The way I understand it if I don't use a protocol just /myfolder/myfile instead of i.e. hdfs://myfolder/myfile it will default to the df.defaultFS. But I would expect if I specify my s3://mybucket/ the fs.defaultFS should not matter.
一个人如何访问目录信息? spark.read.parquet("s3://mybucket/*.parquet")可以正常工作,但是对于此任务,我需要检查某些文件的存在并还希望删除一些文件.我以为org.apache.hadoop.fs.FileSystem是正确的工具.
How does one access the directory information? spark.read.parquet("s3://mybucket/*.parquet") works just fine but for this task I need to check the existence of some files and would also like to delete some. I assumed org.apache.hadoop.fs.FileSystem would be the correct tool.
PS:我也不了解日志记录的工作原理.如果我使用部署模式群集(我想从s3部署jar,而该s3无法在客户端模式下运行),则我只能在s3://logbucket/j -.../containers/application ...中找到日志./conatiner...0001.在S3中显示这些内容之前,要有很长的延迟.如何在主服务器上通过ssh找到它?还是有一些更快/更好的方法来检查Spark应用程序日志?
更新:只是在/mnt/var/log/hadoop-yarn/containers
下找到了它们,但是它是yarn:yarn拥有的,作为hadoop用户,我无法读取它. :(有想法吗?
PS: I also don't understand how logging works. If I use deploy-mode cluster (i want to deploy jars from s3 which does not work in client mode), the I can only find my logs in s3://logbucket/j-.../containers/application.../conatiner...0001. There is quite a long delay before those show in S3. How do I find it via ssh on the master? or is there some faster/better way to check spark application logs?

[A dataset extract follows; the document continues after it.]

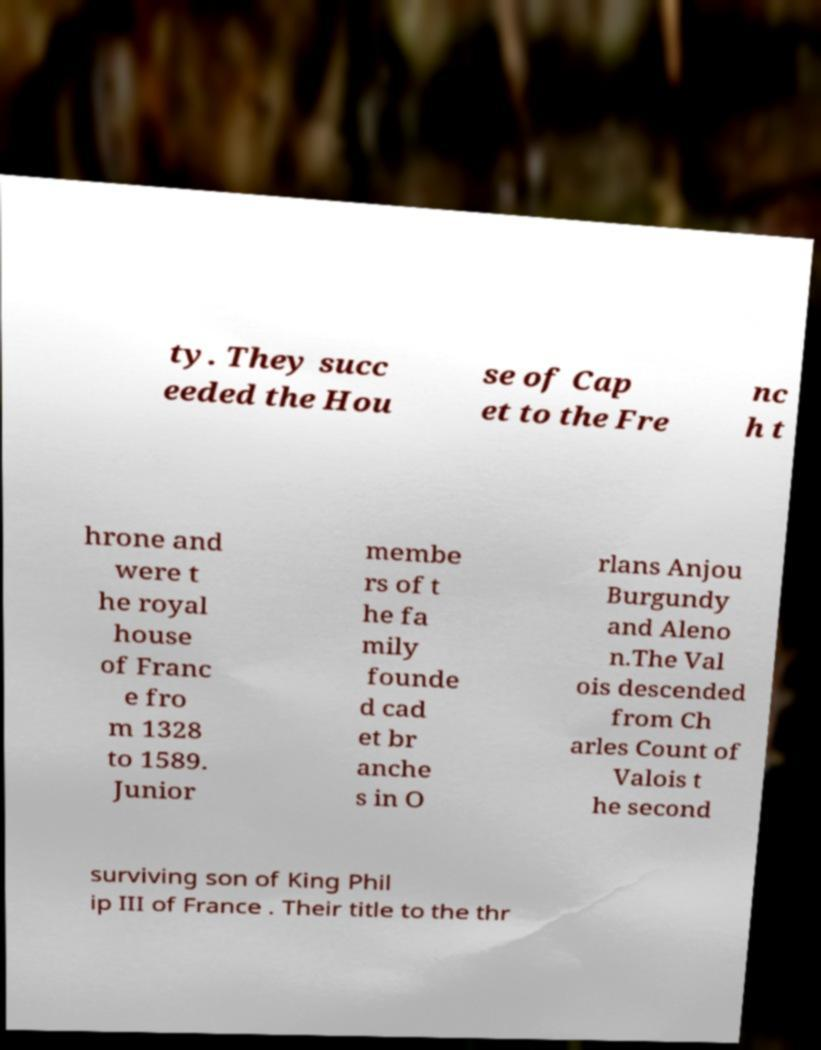I need the written content from this picture converted into text. Can you do that? ty. They succ eeded the Hou se of Cap et to the Fre nc h t hrone and were t he royal house of Franc e fro m 1328 to 1589. Junior membe rs of t he fa mily founde d cad et br anche s in O rlans Anjou Burgundy and Aleno n.The Val ois descended from Ch arles Count of Valois t he second surviving son of King Phil ip III of France . Their title to the thr

UPDATE: Just found them under /mnt/var/log/hadoop-yarn/containers
however the it is owned by yarn:yarn and as hadoop user I cannot read it. :( Ideas?
推荐答案
在我的情况下,我需要读取由先前的EMR作业生成的拼花文件,我正在寻找给定s3前缀的文件列表,但是很好事情是我们不需要做所有的事情,我们可以简单地做到这一点: spark.read.parquet(bucket + prefix_directory)
In my case I needed to read a parquet file that was generated by prior EMR jobs, I was looking for list of files for a given s3 prefix, but nice thing is we don't need to do all that, we can simply do this: spark.read.parquet(bucket+prefix_directory)
这篇关于列出EMR上的S3文件夹的文章就介绍到这了,希望我们推荐的答案对大家有所帮助,也希望大家多多支持IT屋!